Stung, by Bethany Wiggins

Stung, by Bethany Wiggins (Walker, April 2, 2013)

When Fiona went to sleep, she was thirteen years old and had a family who loved her.   Now she's woken up--to a nightmare.  Her home is dilapidated and abandoned, and though she's still young, her body isn't child's anymore.  She has no memory of the years that must have passed....and no knowledge of how the world she once knew has descended into ruin.   And she doesn't know, yet, that the tattoo that's appeared on her arm marks her as one of the infected--a person on the verge of becoming a mindlessly predatory beast.

In Fiona's new world, there are those who live safely behind walls....and those out on the streets, infected and starving, hunted by the ravaging hoards of humans turned monstrous.  Fiona, marked as she is, must live as one of the later.  Slowly she learns how to survive, with the help of a boy she knew back when they were kids, and slowly flashes of memory return to her.  But it's what Fiona can't yet remember that will change everything...if she stays alive long enough.

I enjoyed it, once I got in the swing of the short, action-packed, first person sentences in which it was told (just about ever sentence seems to have an active verb).  This is one to offer right away to your handy young Hunger Games fan--it has a similar intensity, mixing ruthless violence with the desperate need to hold on to human feelings when everything seems lost.  That being said, I don't think the scenario of Stung is nearly as original, nor as interesting,  and it's heavier on the teen romance side of things (so I won't be giving it to my mother for Christmas, like I did The Hunger Games).

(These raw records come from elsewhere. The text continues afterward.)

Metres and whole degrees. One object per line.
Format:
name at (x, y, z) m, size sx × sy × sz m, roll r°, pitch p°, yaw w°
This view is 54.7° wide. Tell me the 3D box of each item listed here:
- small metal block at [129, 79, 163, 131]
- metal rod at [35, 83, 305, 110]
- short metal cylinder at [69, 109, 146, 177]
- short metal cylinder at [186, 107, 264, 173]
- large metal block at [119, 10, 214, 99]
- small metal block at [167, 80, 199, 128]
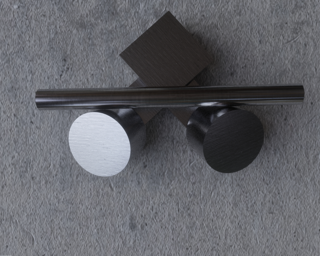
small metal block at (-0.029, -0.029, 0.411) m, size 0.050 × 0.025 × 0.050 m, roll -43°, pitch 90°, yaw -1°
metal rod at (0.012, -0.036, 0.359) m, size 0.302 × 0.025 × 0.025 m, roll -1°, pitch 90°, yaw 0°
short metal cylinder at (-0.064, 0.013, 0.384) m, size 0.080 × 0.050 × 0.079 m, roll 5°, pitch 108°, yaw 17°
short metal cylinder at (0.080, 0.009, 0.385) m, size 0.081 × 0.050 × 0.079 m, roll -6°, pitch 110°, yaw -17°
large metal block at (0.008, -0.085, 0.397) m, size 0.080 × 0.050 × 0.080 m, roll -42°, pitch 90°, yaw 0°
small metal block at (0.043, -0.027, 0.411) m, size 0.050 × 0.025 × 0.050 m, roll -43°, pitch 90°, yaw 0°
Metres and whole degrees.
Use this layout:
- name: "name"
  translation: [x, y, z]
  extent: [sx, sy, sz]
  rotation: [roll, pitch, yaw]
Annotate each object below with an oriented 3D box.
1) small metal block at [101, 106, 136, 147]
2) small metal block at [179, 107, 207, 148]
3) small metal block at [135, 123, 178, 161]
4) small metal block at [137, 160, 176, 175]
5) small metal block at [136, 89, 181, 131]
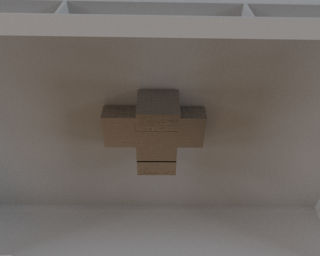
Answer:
- name: "small metal block"
  translation: [-0.048, -0.001, 0.405]
  extent: [0.050, 0.025, 0.050]
  rotation: [0, 130, -1]
- name: "small metal block"
  translation: [0.032, -0.001, 0.406]
  extent: [0.050, 0.025, 0.050]
  rotation: [0, 130, -1]
- name: "small metal block"
  translation: [-0.004, 0.015, 0.385]
  extent: [0.050, 0.025, 0.050]
  rotation: [0, 130, -1]
- name: "small metal block"
  translation: [-0.004, 0.037, 0.420]
  extent: [0.050, 0.050, 0.025]
  rotation: [0, 130, -1]
- name: "small metal block"
  translation: [-0.002, -0.022, 0.371]
  extent: [0.050, 0.050, 0.025]
  rotation: [0, 130, -1]

However, Stung is a perfectly fine book.  Fiona is believable and appealing, the supporting characters nicely nuanced, and the romance is very satisfying.  And though I mostly skim through action-packed sequences because, you now, they are so busy, the great climactic Scene of Action at the end of this one was utterly riveting.  Another thing I appreciated--the humans turned monstrous by sickness were actually still humans...not zombies.  It's definitely sci-fi, not zombie fantasy.

A sampling of other reviews --  Waking Brain Cells, Afterglow Book Reviews, and Step Into Fiction

Disclaimer:  review copy received from the publisher

2 comments:

  1. I don't know that I want to read this. It sounds like one of those that would stress me out unnecessarily. But I LOVE the cover.